Mario Levis Romane sind voll von Geschichten über Istanbul und die Menschen, die dort leben. Als Sohn jüdischer Eltern lagen ihm besonders die Minderheiten am Herzen. Nun ist er 66-jährig gestorben.
Wie schreibt man Geschichten über Trennungen, Verluste, Liebe und Schmerz von Menschen in einer vielfältigen Gesellschaft? Indem man all die feinen Facetten der Charaktere beschreibt, aber auch die Orte, in denen sie sich befinden. So schilderte der türkisch-jüdische Schriftsteller Mario Levi die Protagonisten in seinen Romanen und Geschichten, die oft vom Leben und von Schicksalsschlägen nichtmuslimischer Minderheiten Istanbuls handeln.
Dabei drückte er ihre Gefühlswelt aus, indem er ihre Umgebung beschrieb. Ihre Wohnungen, ihre Stadtviertel und vor allem Istanbul in all seinen Widersprüchen und Geheimnissen. So handelt der Roman «Istanbul war ein Märchen», an dem er sechs Jahre lang schrieb, von den Erinnerungen Levis an die Lebenswelten der jüdischen, griechischen und armenischen Bewohner der Stadt, seinen Eindrücken von ihnen und seinen Erfahrungen.
Konfrontation mit Vergangenem
Istanbul wurde vor über 500 Jahren zur neuen Heimat von Levis jüdischen Vorfahren, die während der Reconquista aus Spanien ins Osmanische Reich geflüchtet waren. Das historische Istanbul spielt in seinem Werk eine grosse Rolle. Der Blick in die Vergangenheit dürfe aber nicht als Nostalgie verstanden werden, sagte er selbst. Sondern als Konfrontation mit dem Vergangenen, das in der Gegenwart fortwirke.
Mario Levi, der 1957 in Istanbul zur Welt kam, lehrte an der Yeditepe-Universität Istanbul Kommunikationswissenschaft. Et befasste sich mit Storytelling und Werbetexten und war fasziniert von Sprache in jeder Form. An einem Schreibatelier mit ihm, an dem ich teilnahm, sprach er mit uns über die Auswirkungen künstlicher Intelligenz auf den Literaturbetrieb, gab zu, dass Rapmusik nichts für ihn sei, aber dass er die Lyrik «dieser Jungs» nicht so unklug finde.

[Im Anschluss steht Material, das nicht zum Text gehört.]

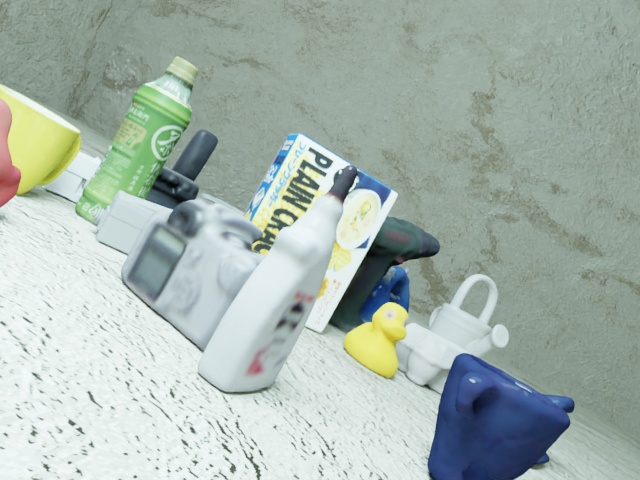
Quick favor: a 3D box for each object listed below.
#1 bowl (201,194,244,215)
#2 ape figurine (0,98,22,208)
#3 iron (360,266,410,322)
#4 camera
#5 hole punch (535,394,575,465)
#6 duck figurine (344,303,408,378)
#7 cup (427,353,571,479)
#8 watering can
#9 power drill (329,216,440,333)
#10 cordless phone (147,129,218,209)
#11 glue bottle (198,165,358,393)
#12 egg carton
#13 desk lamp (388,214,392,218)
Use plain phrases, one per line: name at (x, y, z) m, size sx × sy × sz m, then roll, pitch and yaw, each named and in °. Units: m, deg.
bowl at (-0.183, -0.026, 1.178) m, size 0.167 × 0.075 × 0.167 m, roll 29°, pitch 1°, yaw 0°
ape figurine at (-0.270, -0.070, 0.448) m, size 0.078 × 0.092 × 0.076 m, roll 29°, pitch 1°, yaw -21°
iron at (0.127, 0.108, 1.129) m, size 0.118 × 0.141 × 0.259 m, roll 29°, pitch 1°, yaw 16°
camera at (-0.076, 0.031, 0.508) m, size 0.142 × 0.101 × 0.137 m, roll 30°, pitch 1°, yaw 36°
hole punch at (0.247, 0.212, 0.705) m, size 0.100 × 0.091 × 0.109 m, roll 30°, pitch 1°, yaw 35°
duck figurine at (0.081, 0.122, 0.752) m, size 0.078 × 0.086 × 0.104 m, roll 29°, pitch 1°, yaw -15°
cup at (0.115, 0.142, 0.417) m, size 0.091 × 0.095 × 0.118 m, roll 30°, pitch 1°, yaw 40°
watering can at (0.262, 0.155, 1.024) m, size 0.172 × 0.194 × 0.101 m, roll 30°, pitch 1°, yaw 40°
power drill at (0.093, 0.055, 0.943) m, size 0.075 × 0.208 × 0.231 m, roll 30°, pitch 1°, yaw 42°
cordless phone at (-0.286, -0.144, 1.094) m, size 0.093 × 0.185 × 0.148 m, roll 30°, pitch 1°, yaw 41°
glue bottle at (-0.019, 0.023, 0.402) m, size 0.037 × 0.173 × 0.078 m, roll 29°, pitch 1°, yaw 19°
egg carton at (0.174, 0.181, 0.840) m, size 0.151 × 0.069 × 0.107 m, roll 28°, pitch 1°, yaw -30°
desk lamp at (0.010, 0.004, 1.055) m, size 0.203 × 0.213 × 0.118 m, roll 29°, pitch 1°, yaw 6°
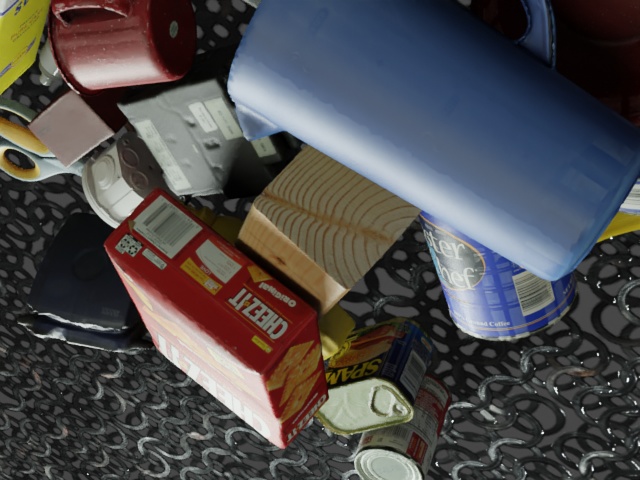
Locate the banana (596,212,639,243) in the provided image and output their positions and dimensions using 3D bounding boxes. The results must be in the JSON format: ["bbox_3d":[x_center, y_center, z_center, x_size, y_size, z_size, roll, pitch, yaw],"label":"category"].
[{"bbox_3d":[0.227,-0.016,0.745,0.197,0.069,0.037,-3,133,-6],"label":"banana"}]

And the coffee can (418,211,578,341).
[{"bbox_3d":[0.129,-0.010,0.798,0.103,0.102,0.140,-2,129,28],"label":"coffee can"}]

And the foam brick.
[{"bbox_3d":[-0.201,-0.108,0.910,0.078,0.051,0.053,-26,113,41],"label":"foam brick"}]

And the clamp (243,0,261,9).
[{"bbox_3d":[0.005,-0.202,0.731,0.210,0.036,0.165,15,134,14],"label":"clamp"}]

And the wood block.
[{"bbox_3d":[-0.006,0.002,0.820,0.091,0.090,0.206,42,162,1],"label":"wood block"}]

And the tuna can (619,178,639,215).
[{"bbox_3d":[0.221,-0.055,0.723,0.086,0.086,0.034,3,132,24],"label":"tuna can"}]

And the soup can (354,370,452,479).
[{"bbox_3d":[0.078,0.177,0.996,0.068,0.102,0.068,13,134,14],"label":"soup can"}]

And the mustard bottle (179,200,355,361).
[{"bbox_3d":[-0.062,0.035,0.965,0.191,0.058,0.096,45,147,-15],"label":"mustard bottle"}]

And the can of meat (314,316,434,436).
[{"bbox_3d":[0.049,0.123,0.974,0.102,0.083,0.057,-21,118,39],"label":"can of meat"}]

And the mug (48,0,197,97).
[{"bbox_3d":[-0.150,-0.161,0.800,0.082,0.093,0.117,-2,167,22],"label":"mug"}]

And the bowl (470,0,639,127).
[{"bbox_3d":[0.181,-0.150,0.678,0.162,0.055,0.162,14,134,15],"label":"bowl"}]

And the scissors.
[{"bbox_3d":[-0.227,-0.059,0.994,0.201,0.016,0.096,35,137,-6],"label":"scissors"}]

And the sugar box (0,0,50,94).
[{"bbox_3d":[-0.243,-0.187,0.828,0.048,0.093,0.176,32,137,-5],"label":"sugar box"}]

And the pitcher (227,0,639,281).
[{"bbox_3d":[0.079,-0.090,0.658,0.243,0.144,0.149,33,150,6],"label":"pitcher"}]

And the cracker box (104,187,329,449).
[{"bbox_3d":[-0.078,0.072,0.863,0.164,0.072,0.214,37,161,18],"label":"cracker box"}]

Seine Sanftmut, seine Höflichkeit und Wärme waren beeindruckend. Und vor allem seine Leidenschaft für das Lehren vom Schreiben. Dabei lehrte er uns weniger das Schreiben, als dass er vor allem an die Bedeutung des Schreibens als Prozess der inneren Auseinandersetzung erinnerte. Und als Mittel, aus den eigenen Erfahrungen etwas Neues zu erschaffen.
Literatur war für Levi immer autobiografisch. Aber er hielt die Erlebnisse, die Menschen machen, die Sprachen, mit denen sie aufwachsen, für prägender als das, was ihnen angeboren ist. Diese Identität verstand er als fliessend, war aber davon überzeugt, dass sie uns trotzdem Halt gibt.
Das tiefe Vaterland
Er drückte es einmal in einem Satz von Günter Grass aus: «Es gibt keine deutsche Literatur. Es gibt nur deutschsprachige Literatur.» Der Satz gefiel ihm, weil er die Sprache für jeden öffnet, der sie beherrschen möchte – unabhängig von seiner Herkunft. Obwohl Levi auch Spanisch und Französisch fliessend beherrschte, entschied er sich, nur auf Türkisch zu schreiben.
So milderte er seine innere Zerrissenheit zwischen den Sprachen und Kulturen mit dem einzigen Patriotismus, den er hatte: dem gegenüber der türkischen Sprache. In einem Interview sagte Levi einmal: «Deine Sprache ist die, die du als Kind auf der Strasse beim Fussballspielen gesprochen hast, die, in der du als Jugendlicher deine erste Liebe erlebt hast, die Sprache, in der du am liebsten schimpfen würdest, wenn du sehr verärgert bist. Und deshalb sage ich stets zu mir selbst: Mein tiefstes Vaterland ist die türkische Sprache.»
Eine schöne Hommage an die türkische Sprache, für ein Land, das vielfältig ist in seinen Kulturen, Sprachen und Religionen und das genau in dieser Vielfalt politisch so gespalten ist. Das Zitat wurde berühmt, weil es wohltuend für das politische Leid von Andersdenkenden, Minderheiten und Dissidenten ist. Levi starb am 31. Januar in Istanbul an einer Krebserkrankung, gegen die er lange gekämpft hatte.